African press review 12 January 2015
Most the reactions were unanimous in condemning the Charlie Hebdo attacks, but not everybody came out to condemn the events says the African press today.
The newspaper explains when Charlie was attacked on Wednesday, most the reactions in the Kingdom were unanimous in condemning what happened.
But Libération explains that not everybody came out to condemn the events. For example, it says, "most political parties did not express their solidarity with the victims of the attacks in Paris."
The elections are coming up, reminds the paper. That's why political parties choose to keep it low.
Lots of Moroccans also remember clearly the debate surrounding the publication of cartoons of the Prophet by Charlie Hebdo. But the worst part, according to Libération, is probably that the Moroccan Foreign Affairs Minister refused to take part to yesterday's unity march in Paris.

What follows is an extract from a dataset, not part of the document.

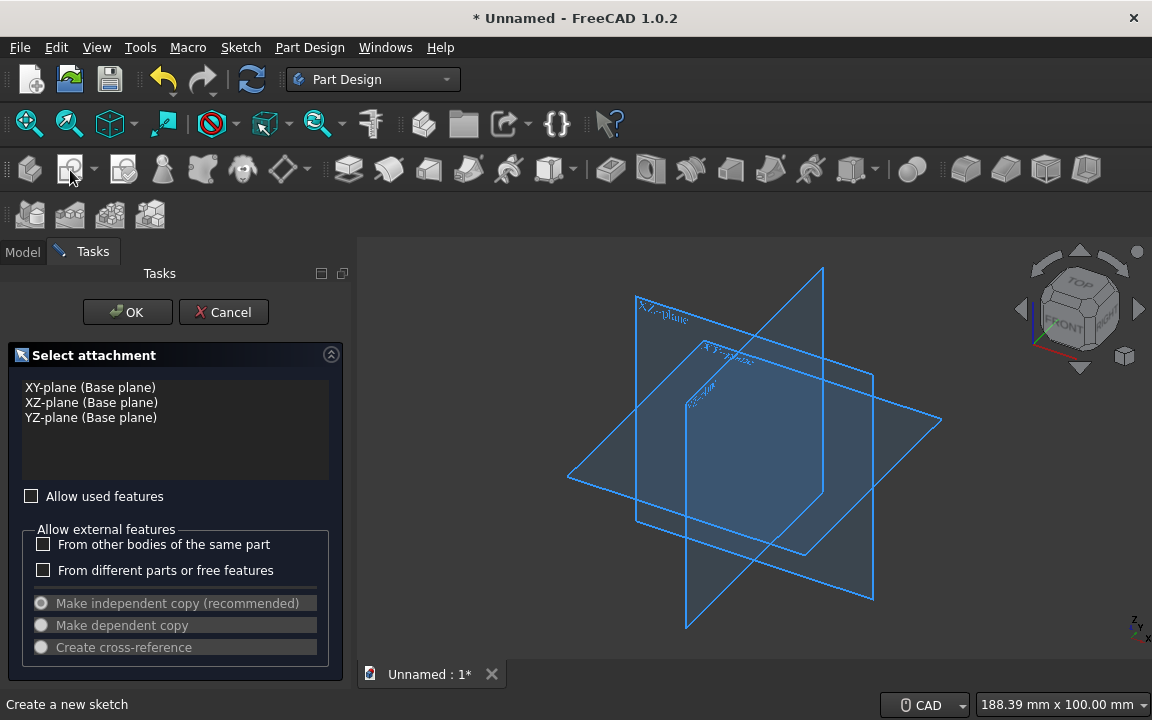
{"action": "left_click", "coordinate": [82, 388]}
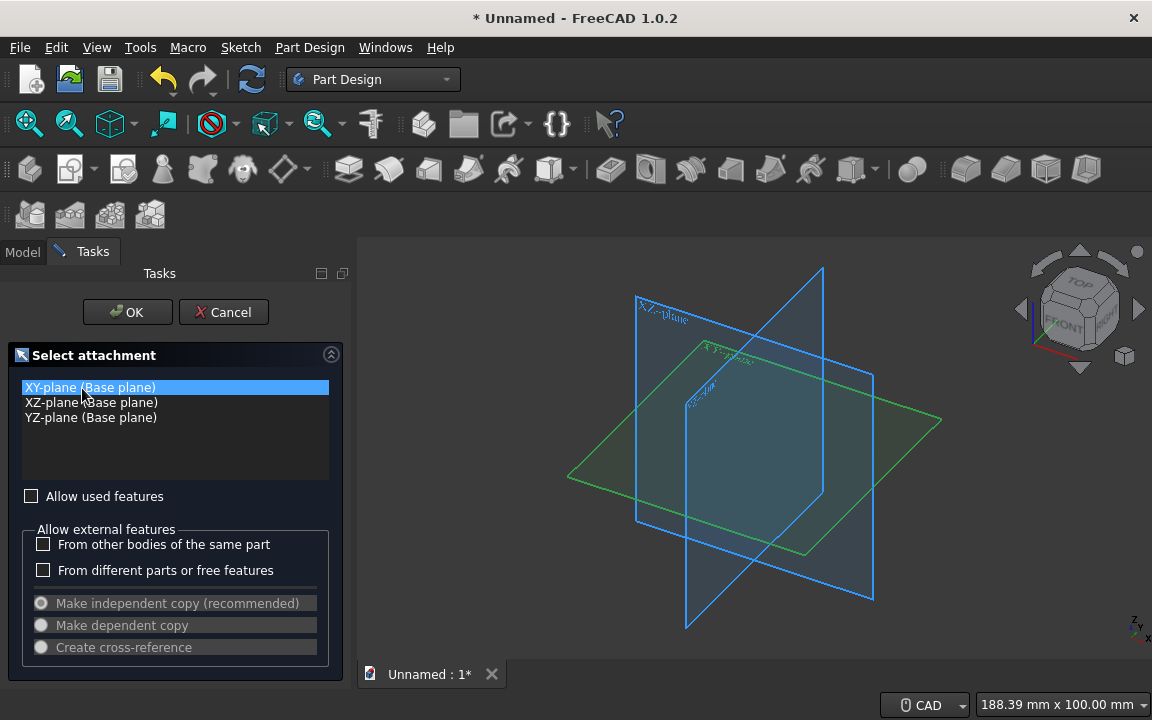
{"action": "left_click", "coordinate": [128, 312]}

The reason? Salaheddine Mezouar asked French President François Hollande to not represent these cartoons during the march. But for the Casablanca based paper, the march was about defending freedom of speech, not condemning cartoons.
The Egypt Independent reports that a student got three years of jail term for atheism. The Egyptian daily explains that Karim Al-Banna, a 21 year old student, was sentenced by a court yesterday for announcing on Facebook that he is an atheist and for insulting Islam. Apparently, Al-Banna's father testified against his son, charging that he "was embracing extremist ideas against Islam".
According to the Egypt Independent, what happened is that al-Banna was being harassed by his neighbours - his name even "appeared in a list of atheists in a local daily. He went to the police station to file a complaint - that's when he was accused of insulting Islam and arrested.
And it's not the first time this happens. Last June, says the paper, "a Coptic Christian man was sentenced to six years in jail for insulting Islam". Egypt's constitution outlaws insults against the three recognised monotheist religions.
Finally Kenya's teachers are still on strike... and the Kenyan government is not too happy about it according to the Standard. The Kenyan teachers have been on strike for more than a week in protest of the lack of hike of their salaries.
But the government claims the strike is illegal - according to the newspaper, “the procedure set out under the Labour Relations Act 2007 on the tenets of calling for an industrial action was not duly followed".
That's why senior education officials will today be deployed to monitor schools. The Teachers Service Commission has now also directed head teachers to submit to their county directors details of teachers who failed to report for duty.
According to the Standard the commission even warned "there would be dire consequences for teachers on strike. But it doesn't look like this will have an impact on the strike says the newspaper.
Kenyan biggest Union teacher, Kuppet, said the authorities had no legal ground and called for a discussion on the salary issue. For the union, "the Commission should desist from intimidating teachers who are only asking for better terms and conditions of service".